Le commandant Wu se crispa alors.

- Que se passe-t-il? Souffrez-vous?

- Ce n’est pas cela, répliqua Daniel, le visage fermé, luttant visiblement contre une agression invisible.

Le daryl androïde sentait peu à peu les coordonnées différer par rapport à l’objectif à atteindre.

- Bon sang! Puis-je vous aider?

- Non! Attendez! Je n’ai pas assez de puissance. Une entité est en train de prendre les commandes du vaisseau. L’IA ne répond plus à mes ordres. Tout m’échappe. Je ne contrôle plus rien!

- Passez sur d’autres circuits et neutralisez l’IA!

- Je tente de le faire depuis déjà trois longues secondes, André!

Fermat grimaça, comprenant que la situation s’aggravait. Qu’allait-il advenir des occupants de l’Einstein?

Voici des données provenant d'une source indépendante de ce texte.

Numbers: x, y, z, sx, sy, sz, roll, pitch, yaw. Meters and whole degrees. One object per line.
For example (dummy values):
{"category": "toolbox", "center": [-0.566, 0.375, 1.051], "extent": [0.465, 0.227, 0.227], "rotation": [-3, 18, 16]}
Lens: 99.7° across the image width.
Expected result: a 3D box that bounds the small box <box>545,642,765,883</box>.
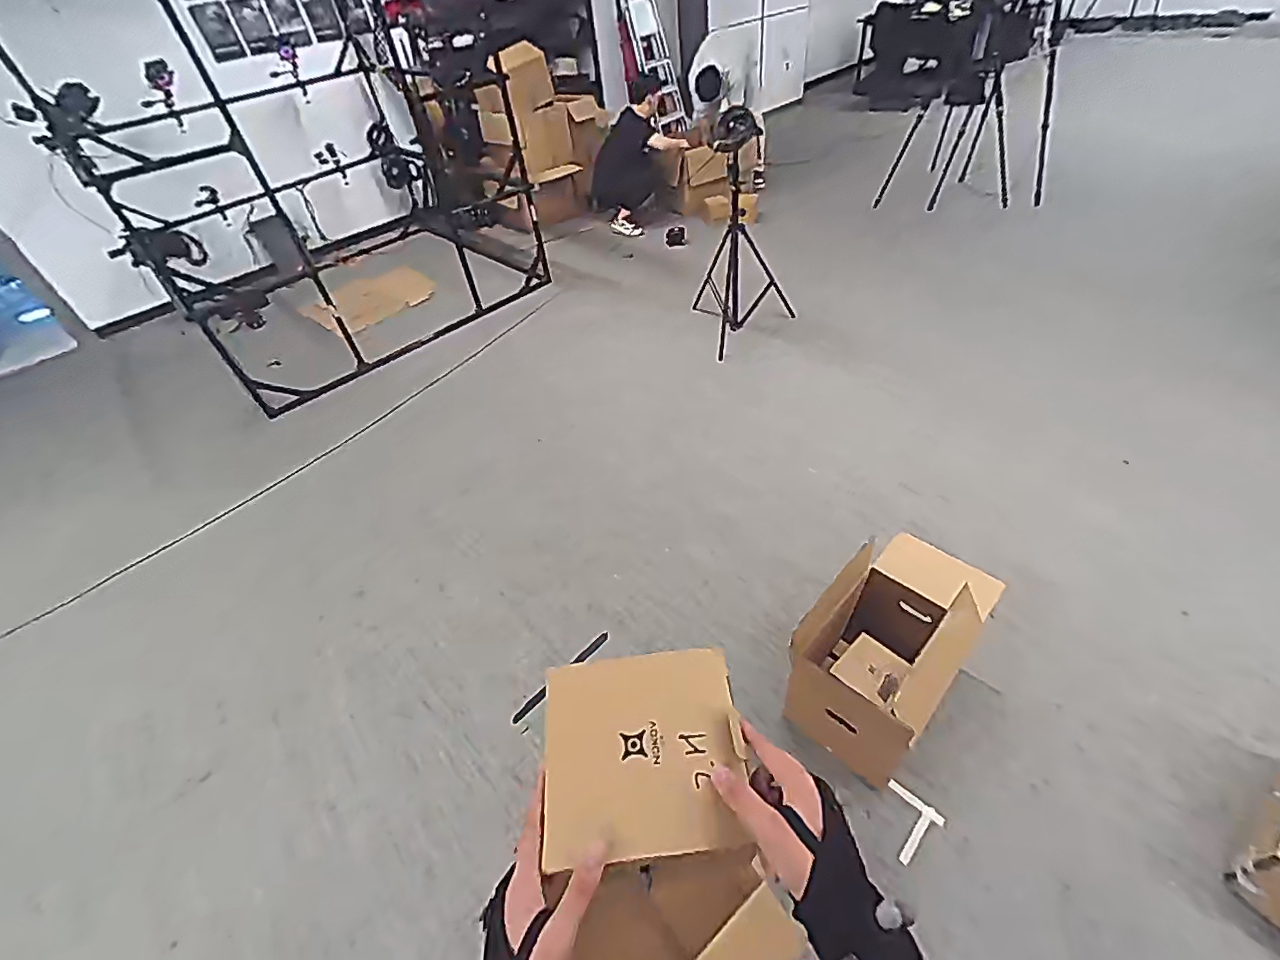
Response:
{"category": "small box", "center": [0.012, 0.279, 0.530], "extent": [0.179, 0.176, 0.168], "rotation": [-6, 49, -1]}

A cet instant, comme prisonnier d’un rêve éveillé ou encore comme à l’intérieur d’une holo reconstitution historique, le vaisseau scout, tel un Spitfire britannique de la Seconde Guerre mondiale, de looping en looping s’enchaînant à un rythme diabolique, subit « coup d’air » sur « coup d’air », accumulant les vrilles, comme si un incendie ravageait tout à bord, et, comme si l’avion, perdant mille cinq cents mètres d’altitude en un temps record, alors que ses extincteurs étaient en panne, allait s’écraser au fond d’une vallée.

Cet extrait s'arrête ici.